When Alsop reduced York to 17 for 3 securing three lbw verdicts the increasingly lubricated Scholes terrace was scenting a famously improbable Scholes win, but McKendry and Collins calmly took it up to 104 for 3 by drinks at 25 overs, and all was quiet on the Western terrace. However once again a break in play changed everything, as McKendry was stumped for 39, and there followed a passage of play that will forever be written into Scholes folklore. Four wickets fell for 9 runs as the double act of Holmes and Shah Nawaz ripped the heart out of York, and the evergreen wicketkeeper claimed a fifth successive victim as he dived full length to his right to take Wackett off the rapid Brook. When a jubilant Shah Nawaz yorked “Grovesy” York were incredibly reduced to 144 for 9, and it was left to popular Aussie Luke Bird to castle Pringle and spark the inevitable crowd invasion, as York were all out for 157 in the 44th over. Alsop had a superb 3 for 25 and inevitable man of the match winner Shah Nawaz 4 for 25 as the celebrations began in earnest, and yes we bus travellers did make it back to Scholes after another perilous journey down the M1. With the First XI in fourth place in the Premiership and the Second XI finishing runners up, the Under 17’s winning League and Cup and all Junior teams doing well, winning this competition rounds off another highly successful Scholes CC season, well done to all who played a role in our continuing success.

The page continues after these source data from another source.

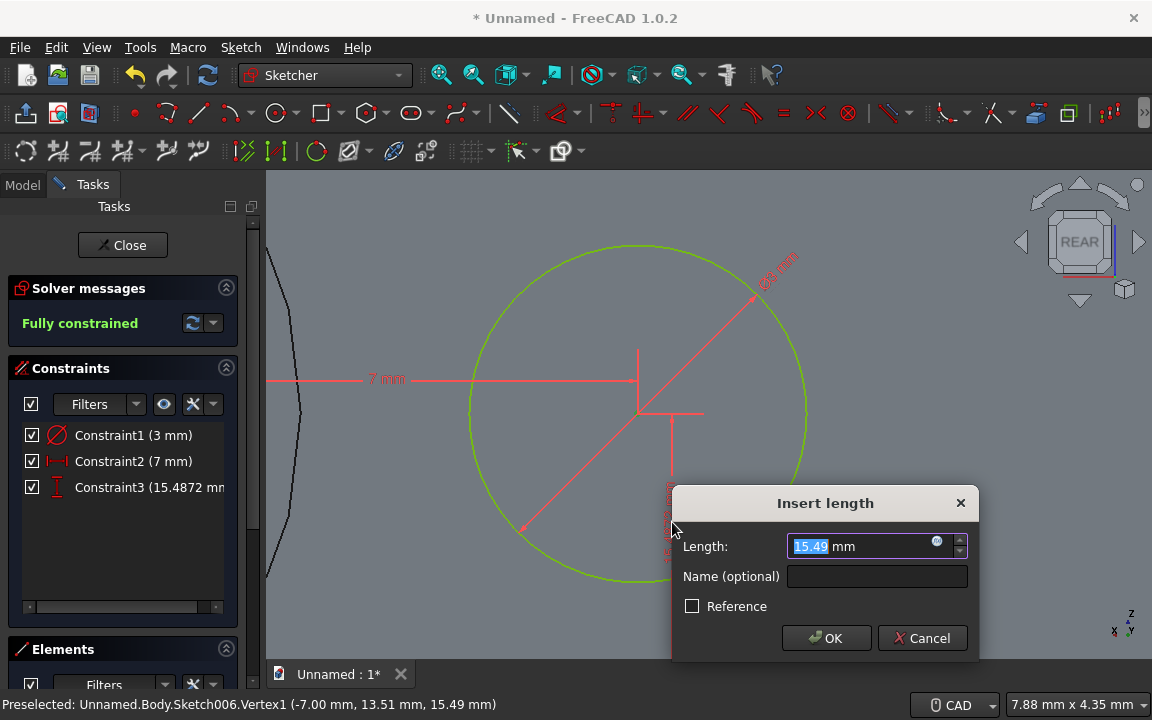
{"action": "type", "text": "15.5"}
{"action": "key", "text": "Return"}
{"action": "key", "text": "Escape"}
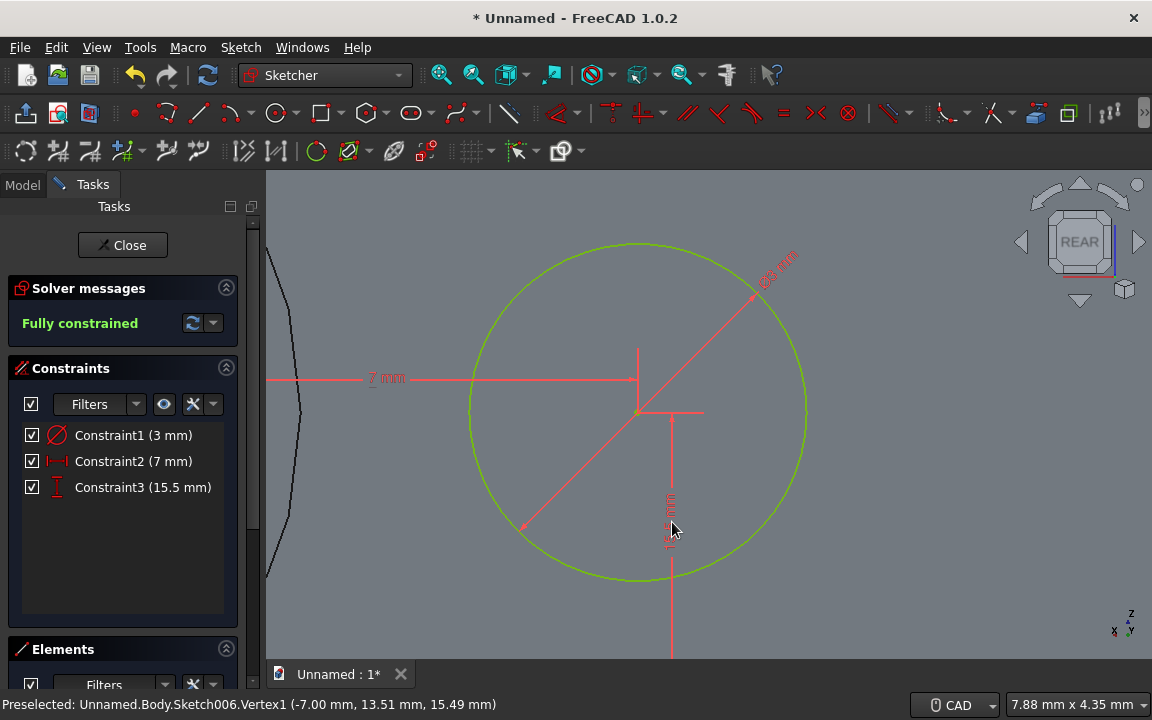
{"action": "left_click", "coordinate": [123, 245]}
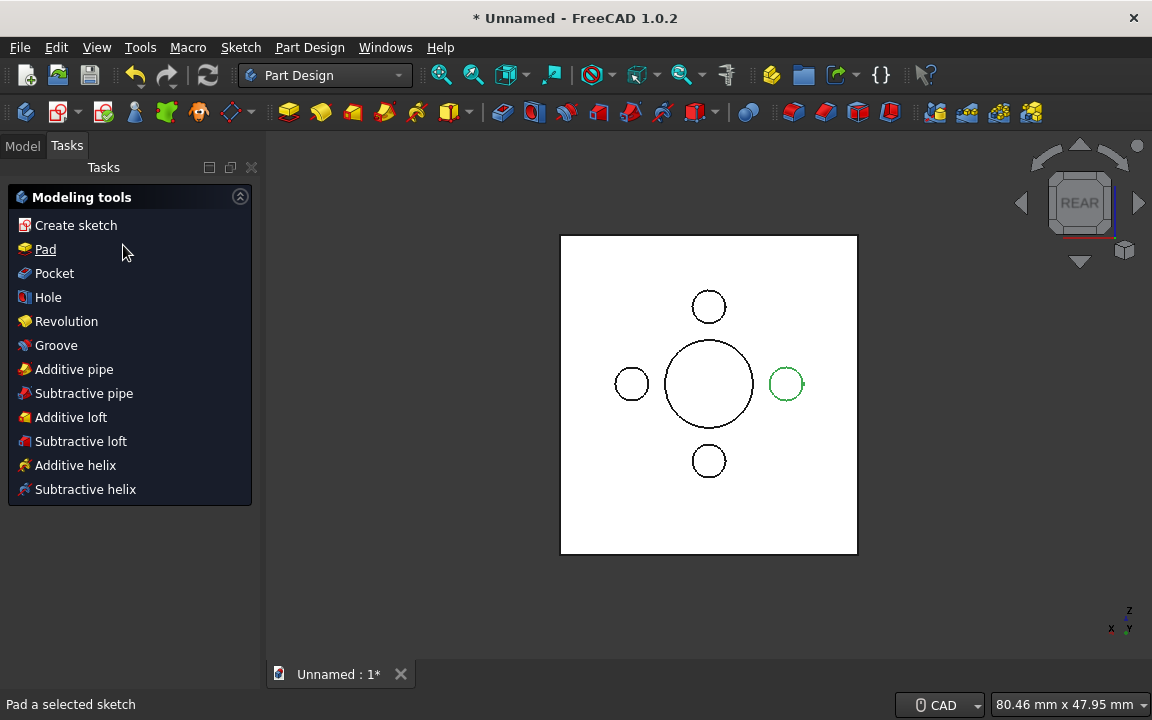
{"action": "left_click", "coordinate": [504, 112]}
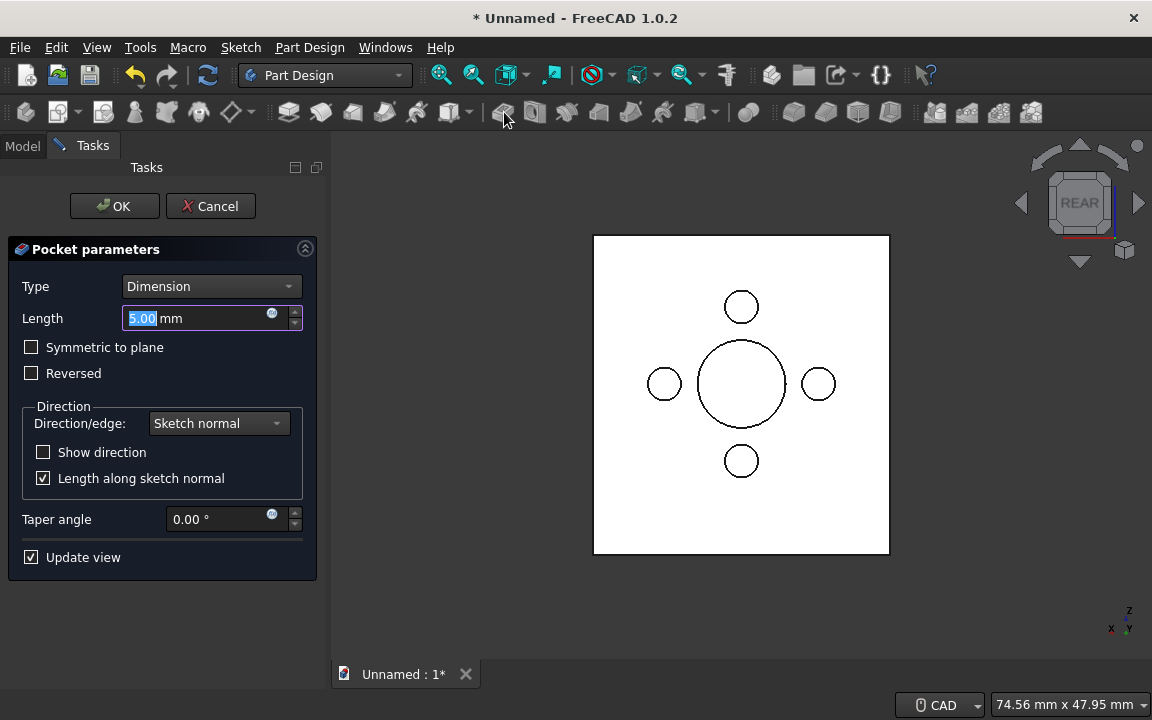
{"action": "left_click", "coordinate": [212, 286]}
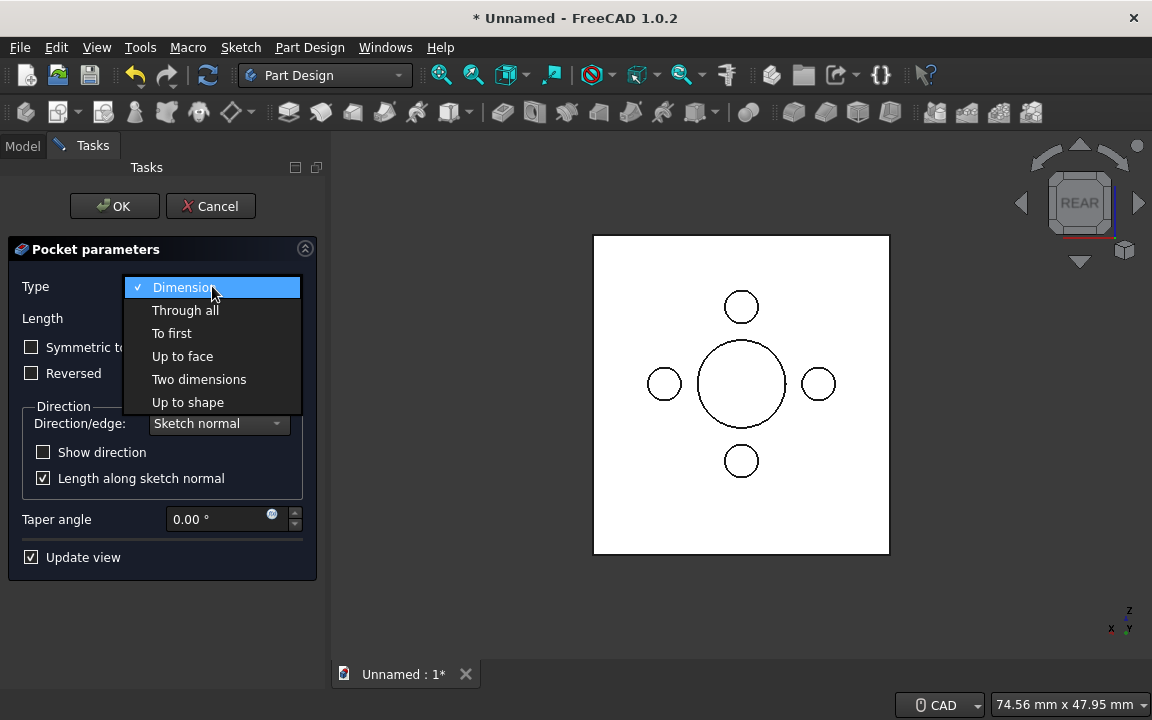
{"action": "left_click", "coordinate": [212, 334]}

Saturday 12th September 2009 (Scholes 155 for 3) beat Clayton West (154 all out) by 7 wickets
Scholes concluded their magnificent 2009 cricketing campaign on Saturday with their 15th six point win of the season over Clayton West, their 19th win in 26 games, which enabled them to overtake Honley’s previous Premiership record of 119 points. It was a fitting finale on the most gorgeous late summers afternoon you could ever wish for, as League Chairman Roger France handed the coveted Byrom Shield over to a mightily happy (and relieved) Scholes skipper James Noble before the match. The fixture was understandably a low key but enjoyable stroll in the sunshine for a relaxed Scholes outfit, who were happy enough to bowl the visitors out for 154, as Alsop finished another profitable season by snaring the first three victims for a lowly 14 runs in 11 mesmeric overs, and Floyd secured an initial First team wicket. That left Iqbal Khan to mop up the tale with 4 for 31, as only the excellent Johnny Butterfield (53*), and to a lesser extent Firth (21) and Gibson (27) offered any real resistance. Yet again Scholes stuttered early doors as Smith went for 27 and Latif 15 and the champions were ever so slightly rocking on 53 for 3, but popular Aussie Shane Mott looked determined to leave the club on a high note right from his first delivery, and Khan just carried on in the rich vein of batting form he has reached during the month of Ramadan, seemingly taken to a higher plain of cricketing mastery by fasting and praying during daylight hours. These two contrasting but consummate batters took Scholes to their target in the 36th over, with Khan collecting another “red inker” on 38*, and Mott signing off with an unbeaten 53* which feaured nine 4’s and one maximum.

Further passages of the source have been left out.